> Assignment: Please copy each line in the records below that contains the string "Name".

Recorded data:
----------

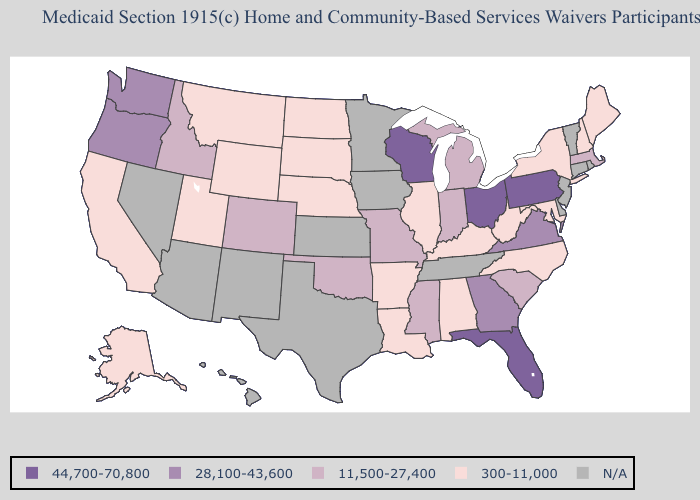What is the highest value in the Northeast ?
Be succinct. 44,700-70,800. What is the lowest value in the USA?
Be succinct. 300-11,000. How many symbols are there in the legend?
Give a very brief answer. 5. Does Ohio have the highest value in the USA?
Keep it brief. Yes. What is the highest value in states that border Virginia?
Be succinct. 300-11,000. Does Maine have the highest value in the USA?
Keep it brief. No. Among the states that border Maryland , does West Virginia have the highest value?
Give a very brief answer. No. What is the highest value in the USA?
Write a very short answer. 44,700-70,800. Name the states that have a value in the range 28,100-43,600?
Answer briefly. Georgia, Oregon, Virginia, Washington. Does Ohio have the highest value in the USA?
Quick response, please. Yes. Among the states that border Maryland , which have the highest value?
Concise answer only. Pennsylvania. Name the states that have a value in the range N/A?
Short answer required. Arizona, Connecticut, Delaware, Hawaii, Iowa, Kansas, Minnesota, Nevada, New Jersey, New Mexico, Rhode Island, Tennessee, Texas, Vermont. What is the lowest value in the West?
Answer briefly. 300-11,000. 
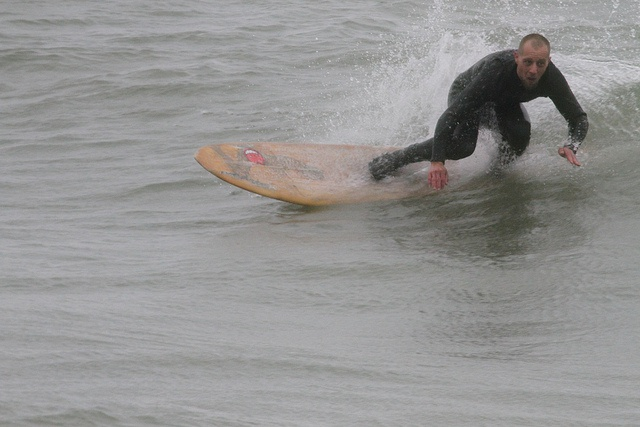Describe the objects in this image and their specific colors. I can see people in darkgray, black, and gray tones and surfboard in darkgray, tan, and gray tones in this image.

----------

> Written solution:
Write a very short answer. 44,700-70,800. Name the states that have a value in the range 28,100-43,600?
Concise answer only. Pennsylvania. Name the states that have a value in the range N/A?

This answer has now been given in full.